Before the sedimentation bacteria test: the temperature and humidity of the tested CleanRoom (area) must meet the specified requirements, and the static pressure difference must be controlled within the specified value. The tested cleanroom (area) has been disinfected.
There are two test states: static and dynamic. The test state is noted in the report.
Test personnel: The test personnel must wear work clothes that meet the environmental cleanliness level. During static testing, there shall be no more than 2 test personnel in the room.

b.Test time

For unidirectional flow, such as in a Class 100 cleanroom and a laminar flow workbench, the test should start after the cleanroom air conditioning system has been operating normally for at least 10 minutes
For non-unidirectional flow, such as cleanrooms of Class 10,000 and above, the test should start after the cleanroom air conditioning system has been operating normally for at least 30 minutes.

Settling bacteria count

a.Minimum number of sampling points: can be determined according to Table 1. While meeting the minimum number of measurement points, the minimum number of culture dishes should also be met.

aera（m2）	Cleanliness level
	100	10000	100000	300000
<10	2~3	2	2	2
≥10~<20	4	2	2	2
≥20~<40	8	2	2	2
≥40~<100	16	4	2	2
≥100~<200	40	10	3	3

Cleanliness level	The number of blood cells required for 90 mm culture (calculated based on 0.5 hour sedimentation)
100	14
10000	2
100000	2
300000	2

b.Arrangement of sampling points: The test point in the work area is about 0.8~1.5m above the ground (slightly higher than the work surface). Measurement points can be added at key equipment or key work activity ranges. The arrangement of sampling points should be as uniform as possible to avoid sampling points being too concentrated in a certain local area and too sparse in a certain local area

c.Records: The room temperature, Relative humidity, pressure difference, test status and test data should be recorded in the test report.

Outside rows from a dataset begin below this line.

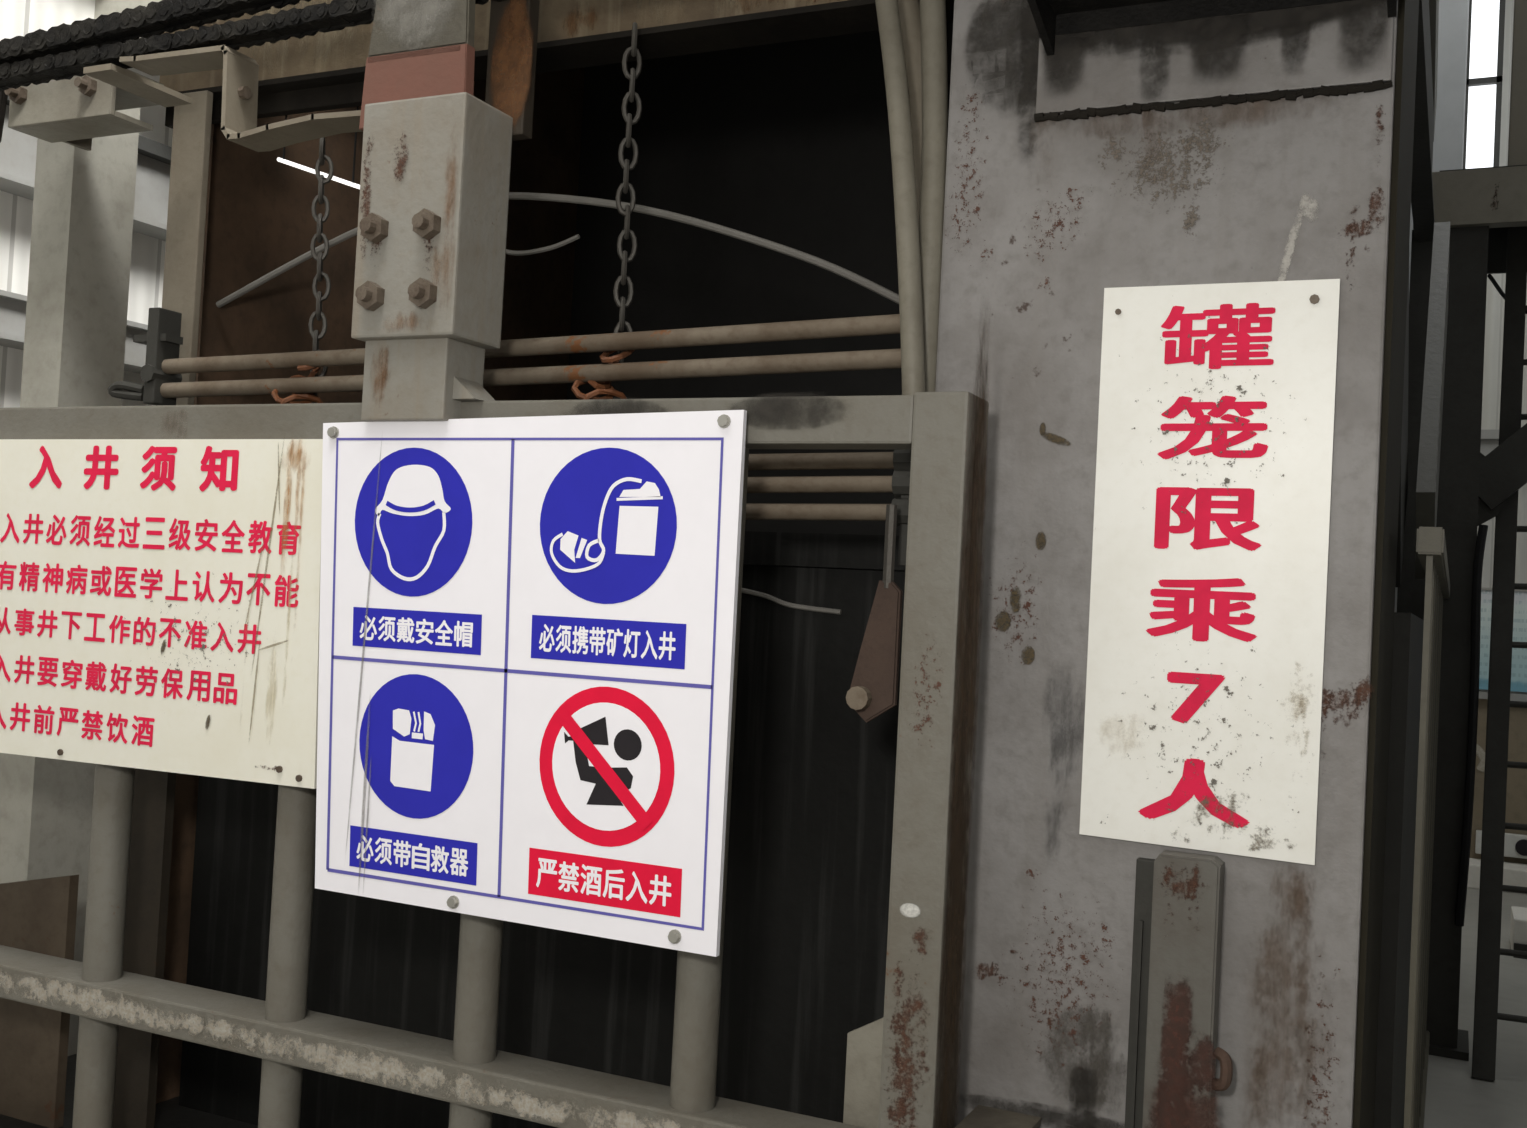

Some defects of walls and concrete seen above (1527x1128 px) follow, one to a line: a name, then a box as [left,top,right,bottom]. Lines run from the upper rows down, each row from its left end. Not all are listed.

water stain [1020,0,1086,102]
water stain [1193,13,1245,75]
water stain [1340,0,1387,62]
corrosion [884,329,1123,1128]
corrosion [1150,981,1218,1128]

d.Result calculation: The number of colonies in each culture dish is obtained by counting method.

The calculation of the average colony count is as follows: m1+m2+…tmn

Average colony count m=n

Where: m is the average colony count; m1 is the colony count of culture dish No. 1; m2 is the colony count of culture dish No. 2; mn is the colony count of culture dish No. n; n is the total number of culture dishes.

e.Result evaluation: Use the average colony count to judge the microorganisms in the air of the purification workshop.

f.The average colony count in the purification workshop (area) must be lower than the selected evaluation standard.

Cleanliness level	100	10000	100000	300000
Standard (average)	1 piece/dish	3 pieces/dish	10 pcs/dish	15pcs/dish

g.If the average colony count of a purification workshop (area) exceeds the evaluation standard, the area must be disinfected first, and then retested twice, and the test results must be qualified.